I am a long standing democrat for many years and it is becoming really
difficult to stand behind the message when the activists have no agenda, want
to continue doing this and there is no end in sight.

I absolutely resent federal forces defending the courthouse. If protestors
want to burn it down (there are many videos of them trying to), what do you
do? May be we just allow these people to burn it down if that means it is
going to bring change.

Then there is this: How do you defend protestors who want to overthrow the
United States?

Proof:
[https://twitter.com/ElijahSchaffer/status/128451275993426739...](https://twitter.com/ElijahSchaffer/status/1284512759934267392)

Had to create throwaway account just to hide my identity - I am kind of
terrified of everything right now.

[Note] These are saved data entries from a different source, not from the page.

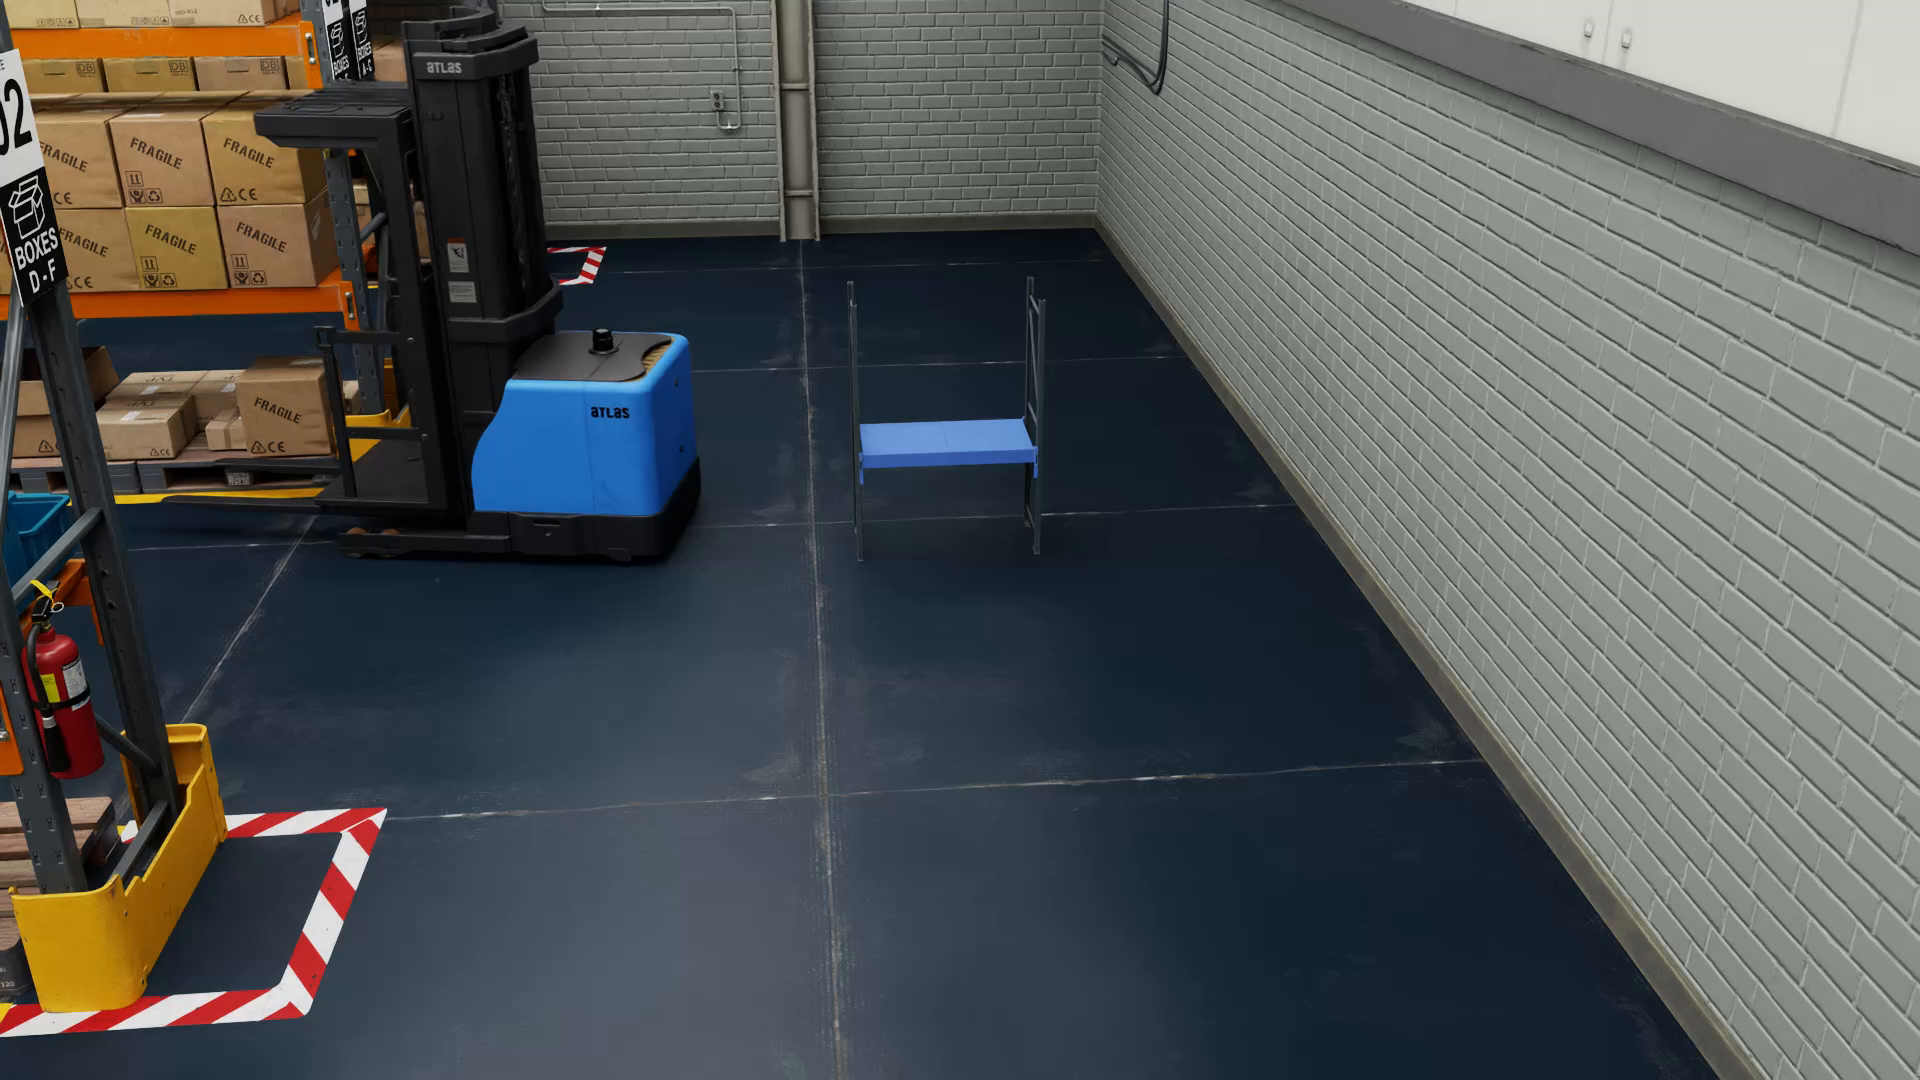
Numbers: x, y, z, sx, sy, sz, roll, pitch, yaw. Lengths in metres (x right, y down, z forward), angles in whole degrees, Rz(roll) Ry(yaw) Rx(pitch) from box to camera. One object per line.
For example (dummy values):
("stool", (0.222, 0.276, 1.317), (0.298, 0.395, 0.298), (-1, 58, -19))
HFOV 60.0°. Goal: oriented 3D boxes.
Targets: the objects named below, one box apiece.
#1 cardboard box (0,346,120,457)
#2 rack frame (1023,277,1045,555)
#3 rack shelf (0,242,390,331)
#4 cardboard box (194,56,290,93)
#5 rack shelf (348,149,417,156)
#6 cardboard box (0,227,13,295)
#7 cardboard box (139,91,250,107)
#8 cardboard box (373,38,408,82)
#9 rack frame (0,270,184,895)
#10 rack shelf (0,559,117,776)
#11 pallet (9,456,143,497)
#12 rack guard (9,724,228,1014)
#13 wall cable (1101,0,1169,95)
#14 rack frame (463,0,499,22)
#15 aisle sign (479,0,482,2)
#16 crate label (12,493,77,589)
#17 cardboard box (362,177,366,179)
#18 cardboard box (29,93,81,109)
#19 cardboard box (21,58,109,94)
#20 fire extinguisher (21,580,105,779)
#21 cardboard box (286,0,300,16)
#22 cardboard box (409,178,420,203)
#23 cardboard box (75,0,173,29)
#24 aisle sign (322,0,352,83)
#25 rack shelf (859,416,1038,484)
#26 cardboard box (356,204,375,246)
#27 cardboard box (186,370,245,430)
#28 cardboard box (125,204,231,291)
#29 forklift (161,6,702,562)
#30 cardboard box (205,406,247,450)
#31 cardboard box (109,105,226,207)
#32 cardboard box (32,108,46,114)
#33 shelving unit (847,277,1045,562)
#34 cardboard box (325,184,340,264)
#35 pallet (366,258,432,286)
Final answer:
("cardboard box", (-5.807, -0.893, 10.598), (0.637, 0.503, 0.797), (-2, 24, -5))
("rack frame", (0.421, -0.702, 9.483), (0.032, 1.500, 0.500), (-2, 24, -5))
("rack shelf", (-5.686, -1.507, 10.333), (4.000, 0.370, 1.077), (-2, 24, -5))
("cardboard box", (-6.176, -3.970, 14.619), (0.700, 0.700, 0.980), (-3, 24, -8))
("rack shelf", (-6.177, -3.509, 14.837), (4.000, 0.370, 1.077), (-2, 24, -5))
("cardboard box", (-5.629, -1.773, 9.923), (0.500, 0.500, 0.500), (-3, 24, -6))
("cardboard box", (-4.683, -2.483, 10.289), (0.500, 0.500, 0.500), (-2, 24, -5))
("cardboard box", (-4.693, -4.030, 14.755), (0.700, 0.700, 0.980), (-1, 24, -3))
("rack frame", (-3.213, 0.087, 5.861), (0.127, 3.000, 1.000), (-2, 24, -5))
("rack shelf", (-5.203, 0.496, 5.828), (4.000, 0.370, 1.077), (-2, 24, -5))
("pallet", (-5.776, -0.558, 10.747), (1.213, 0.211, 1.003), (-2, 24, -5))
("rack guard", (-3.190, 1.223, 6.383), (0.348, 0.500, 1.175), (-2, 24, -5))
("wall cable", (1.477, -5.321, 14.466), (0.112, 2.526, 3.097), (-2, 24, -5))
("rack frame", (-4.186, -3.917, 14.871), (0.127, 3.000, 1.000), (-2, 24, -5))
("aisle sign", (-4.085, -4.987, 14.076), (0.004, 0.787, 0.394), (-2, 24, -5))
("crate label", (-3.491, 0.013, 6.160), (0.303, 0.233, 0.416), (-2, 24, -5))
("cardboard box", (-5.273, -3.260, 15.154), (0.250, 0.149, 0.380), (-2, 24, -5))
("cardboard box", (-5.687, -2.444, 10.202), (0.500, 0.500, 0.500), (-3, 24, -6))
("cardboard box", (-7.626, -3.910, 14.484), (0.700, 0.700, 0.980), (-2, 24, -4))
("fire extinguisher", (-3.018, 0.470, 5.553), (0.183, 0.674, 0.296), (-2, 24, -5))
("cardboard box", (-4.232, -3.300, 9.972), (0.500, 0.250, 0.500), (-2, 24, -5))
("cardboard box", (-4.983, -3.116, 14.830), (0.250, 0.149, 0.380), (-3, 24, -6))
("cardboard box", (-4.680, -3.075, 9.466), (0.500, 0.250, 0.500), (-2, 24, -5))
("aisle sign", (-3.598, -2.982, 9.566), (0.004, 0.787, 0.394), (-2, 24, -5))
("rack shelf", (-0.085, -0.518, 9.511), (1.000, 0.185, 0.538), (-2, 24, -5))
("cardboard box", (-5.371, -2.879, 15.094), (0.500, 0.500, 0.700), (-2, 24, -5))
("cardboard box", (-4.762, -0.933, 10.999), (0.500, 0.250, 0.500), (-2, 24, -5))
("cardboard box", (-4.631, -1.811, 10.008), (0.500, 0.500, 0.500), (-2, 24, -5))
("forklift", (-3.136, -1.445, 9.391), (3.031, 2.935, 1.130), (2, 24, 5))
("cardboard box", (-4.625, -0.721, 10.625), (0.250, 0.166, 0.380), (-2, 24, -5))
("cardboard box", (-4.614, -2.269, 9.807), (0.500, 0.500, 0.500), (-2, 24, -4))
("cardboard box", (-5.641, -2.225, 9.710), (0.500, 0.500, 0.500), (-2, 24, -4))
("shelving unit", (-0.085, -0.682, 9.438), (1.048, 1.500, 0.538), (-2, 24, -5))
("cardboard box", (-4.163, -2.050, 10.546), (0.500, 0.500, 0.500), (-2, 24, -4))
("pallet", (-4.974, -2.580, 15.294), (1.213, 0.211, 1.003), (-2, 24, -5))
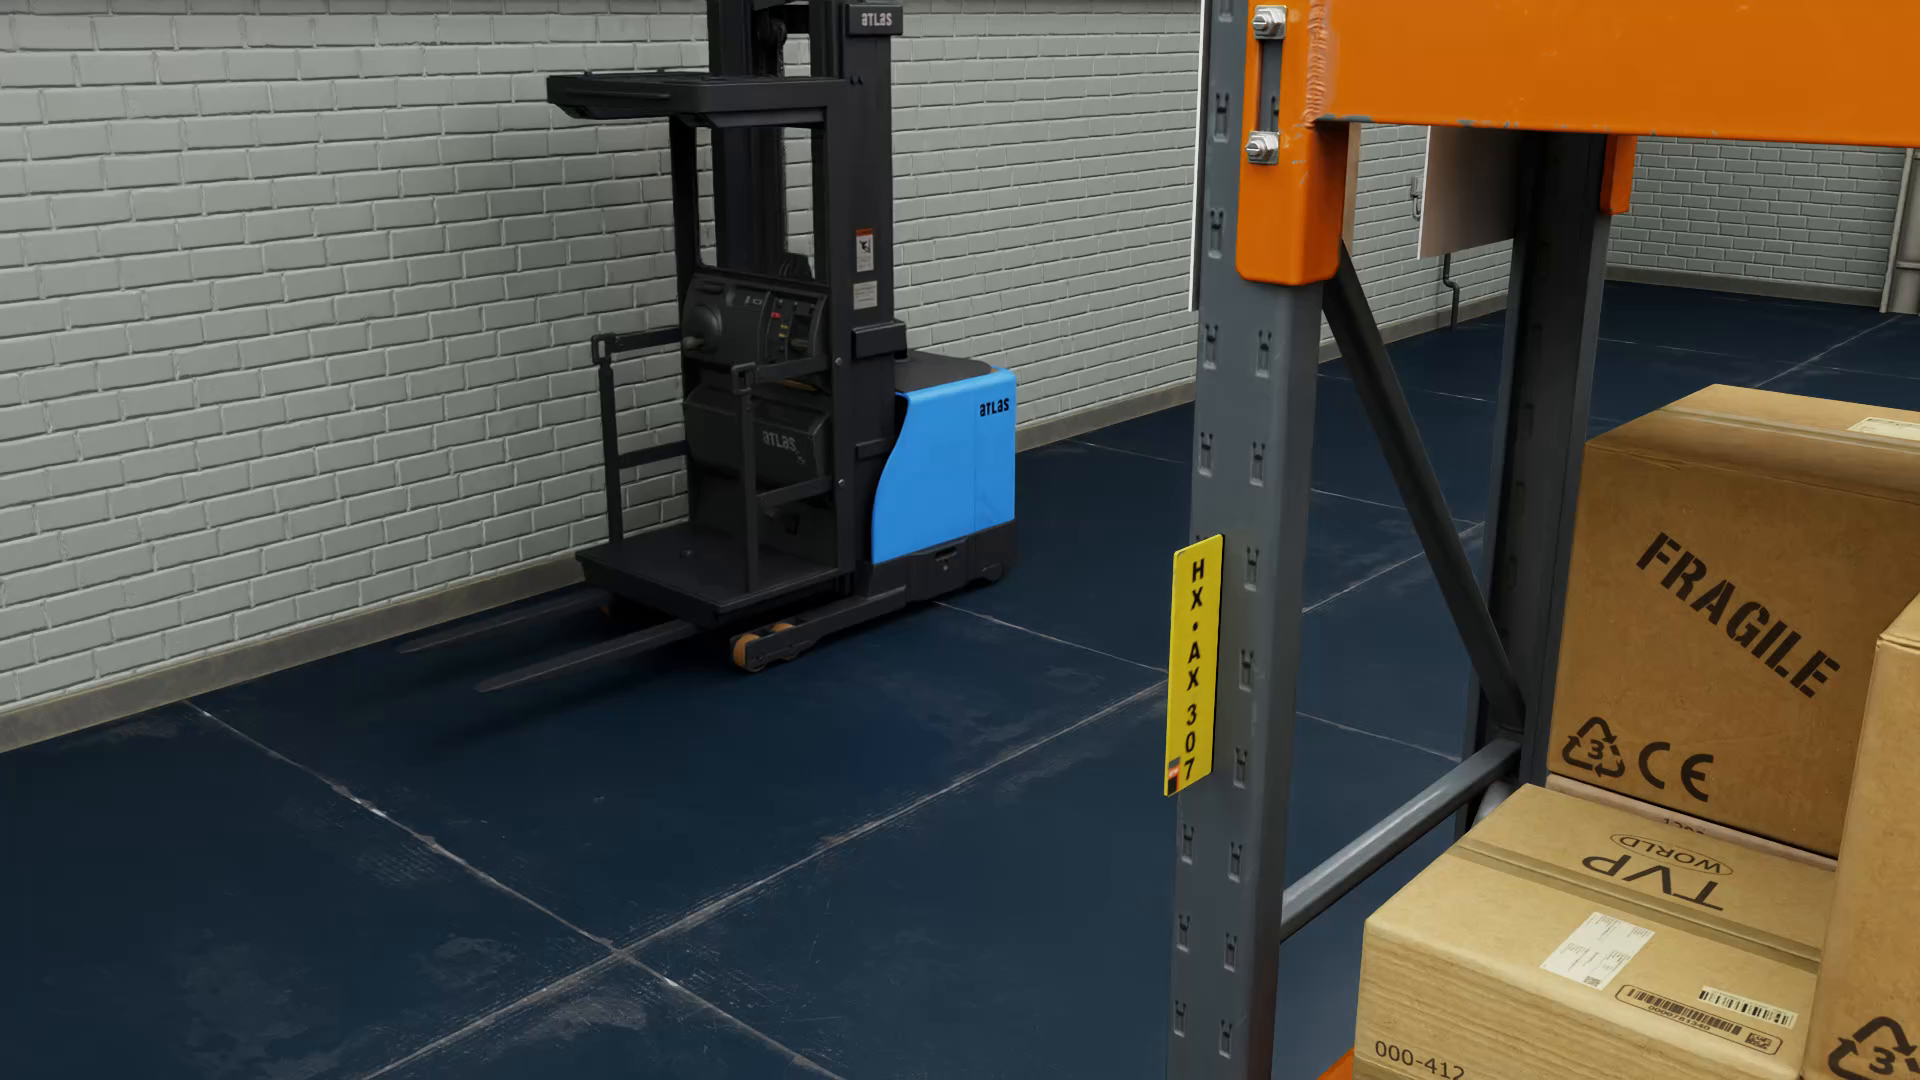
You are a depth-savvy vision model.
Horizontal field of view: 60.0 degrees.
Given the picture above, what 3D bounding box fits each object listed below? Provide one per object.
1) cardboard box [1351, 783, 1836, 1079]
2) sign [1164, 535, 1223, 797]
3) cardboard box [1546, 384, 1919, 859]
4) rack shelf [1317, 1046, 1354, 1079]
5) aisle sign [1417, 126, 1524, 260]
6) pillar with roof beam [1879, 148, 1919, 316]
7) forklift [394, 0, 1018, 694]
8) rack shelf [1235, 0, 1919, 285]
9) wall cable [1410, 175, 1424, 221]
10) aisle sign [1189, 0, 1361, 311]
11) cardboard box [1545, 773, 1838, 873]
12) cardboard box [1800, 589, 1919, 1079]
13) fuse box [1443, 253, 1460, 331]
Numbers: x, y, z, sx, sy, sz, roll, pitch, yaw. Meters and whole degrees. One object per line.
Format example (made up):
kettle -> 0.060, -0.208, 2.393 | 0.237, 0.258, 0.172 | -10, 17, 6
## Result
cardboard box -> 0.846, 0.572, 2.106 | 0.500, 0.250, 0.500 | 14, 23, 38
sign -> 0.293, 0.159, 2.089 | 0.005, 0.325, 0.100 | 15, 23, 39
cardboard box -> 1.205, 0.096, 2.367 | 0.500, 0.500, 0.500 | 15, 23, 40
rack shelf -> 2.162, 1.230, 1.467 | 4.000, 0.370, 1.077 | 15, 23, 39
aisle sign -> 0.811, -0.836, 2.490 | 0.004, 0.787, 0.394 | 15, 23, 39
pillar with roof beam -> 6.260, -5.511, 11.602 | 0.400, 9.000, 9.100 | 15, 23, 39
forklift -> -1.082, -0.992, 7.391 | 1.130, 2.935, 3.031 | 16, 24, 41
rack shelf -> 2.162, -0.200, 1.014 | 4.000, 0.370, 1.077 | 15, 23, 39
wall cable -> 3.944, -3.691, 14.104 | 0.122, 1.984, 0.588 | 15, 23, 39
aisle sign -> 0.413, -0.700, 2.062 | 0.004, 0.787, 0.394 | 15, 23, 39
cardboard box -> 1.204, 0.452, 2.484 | 0.500, 0.250, 0.500 | 15, 23, 38
cardboard box -> 1.220, 0.315, 1.676 | 0.500, 0.500, 0.500 | 14, 23, 38
fuse box -> 4.514, -2.716, 14.840 | 0.414, 1.711, 0.539 | 15, 23, 39

Both left and right are going insane, truth
is smeared and it is difficult to have a level headed, HN-like conversion
which is what makes this place wonderful.

We need to be extremely vigilant. Please I beg every one of you. I know it is
pretty taboo to even be centrist around here, my plea is to fact check
everything. What I am seeing as a 10 year subscriber to NYT is simply no
coverage of extreme violence and absurdity of demands these protestors are
creating. I have and stand by a lot majority of protestors that are _actually_
peaceful - like the NY City march and SF protests, but Portland is on another
level. I no longer support it.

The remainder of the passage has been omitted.